# Motorized 1960's Schwinn American



## grantpavek (Nov 28, 2010)

I already posted this in the middle-weight bicycle forum but I saw that middle-weight bikes are covered under this one as well and this gets more views.

Hello everyone, 

My dad and I have recently been getting into classic bikes and I just stumbled across this website. My first question, of many to come, is about my dad's most recent project. He bought a 49cc motor and installed it onto his old Schwinn American. Are other people doing this? Does it lower the value of the bike?
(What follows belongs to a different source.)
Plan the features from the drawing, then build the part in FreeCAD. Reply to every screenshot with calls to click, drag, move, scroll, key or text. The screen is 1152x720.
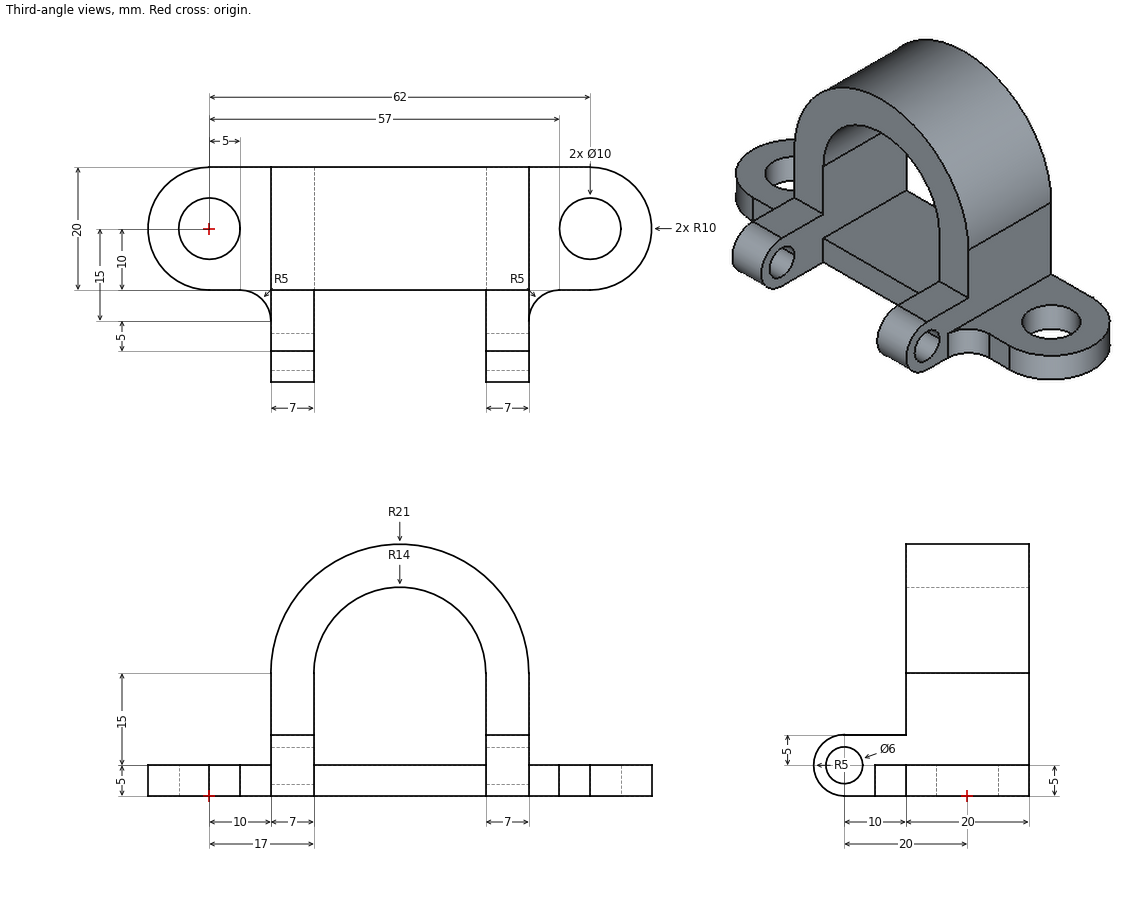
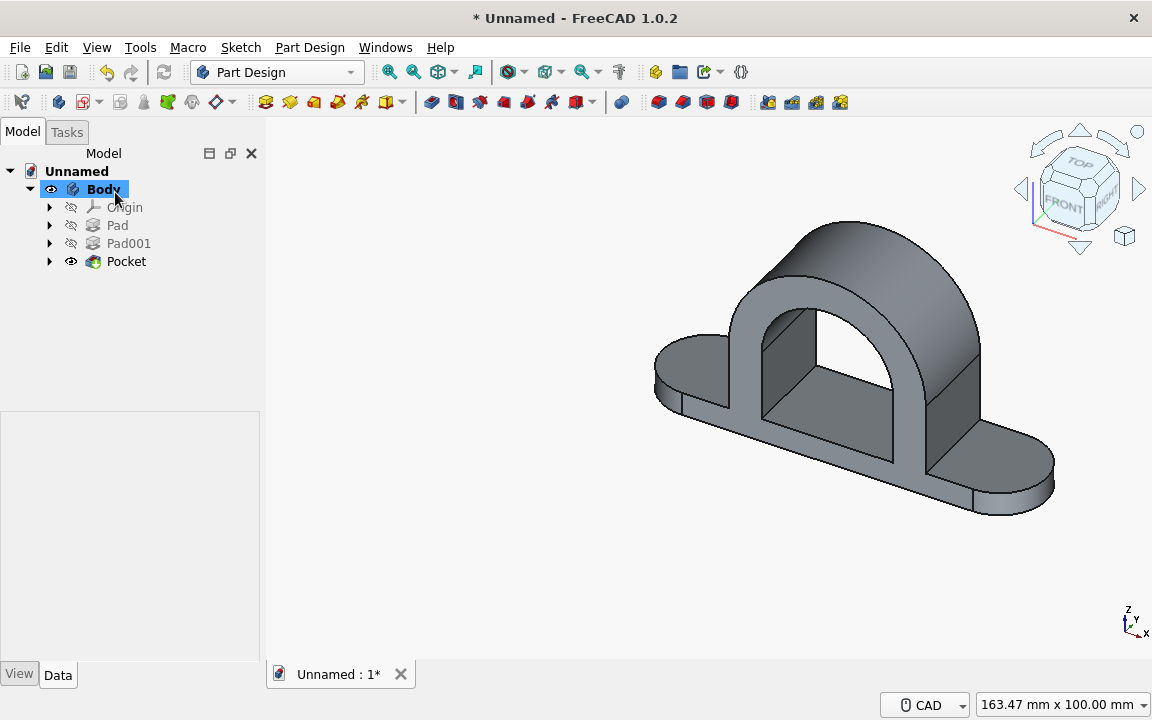
click(709, 365)

Is there a demand for old classic motorized bikes? 

Pictures are attached.

Thanks in advance.


----------



## grantpavek (Nov 28, 2010)

This is a video of the bike in action:

http://www.youtube.com/watch?v=LCHApe-70q0


----------



## greenephantom (Dec 3, 2010)

Lots of folks seem to be tinkering around with the Chinese engine kits these days, good times if you can keep it running, and if the local cops don't take an interest in you.  As to hurting the value of the bike, the Schwinn American is a pretty common bike, have fun with it.
Cheers, Geoff


----------



## bairdco (Dec 4, 2010)

i've motorized a bunch of old bikes, mostly 40's Colsons. 

everything i do to the bike can be put back, so the only damage is scratches and a bit more wear and tear from the added weight and speed.

the way i look at it, is since the dawn of bicycling, people have wanted to put motors on them. every kid dreamed of building one, so now that it's readily available and relatively simple, you can finally fulfill your dream.


----------



## militarymonark (Dec 4, 2010)

i built a motorized bike with that frame, well it was a heavyweight middleweight parts


----------



## grantpavek (Dec 6, 2010)

Thanks everyone!


----------



## Goldenrod1 (Dec 6, 2014)

*This is a two stroke?*

I saw one having trouble going up a hill. The bike will long outlast the motor.


----------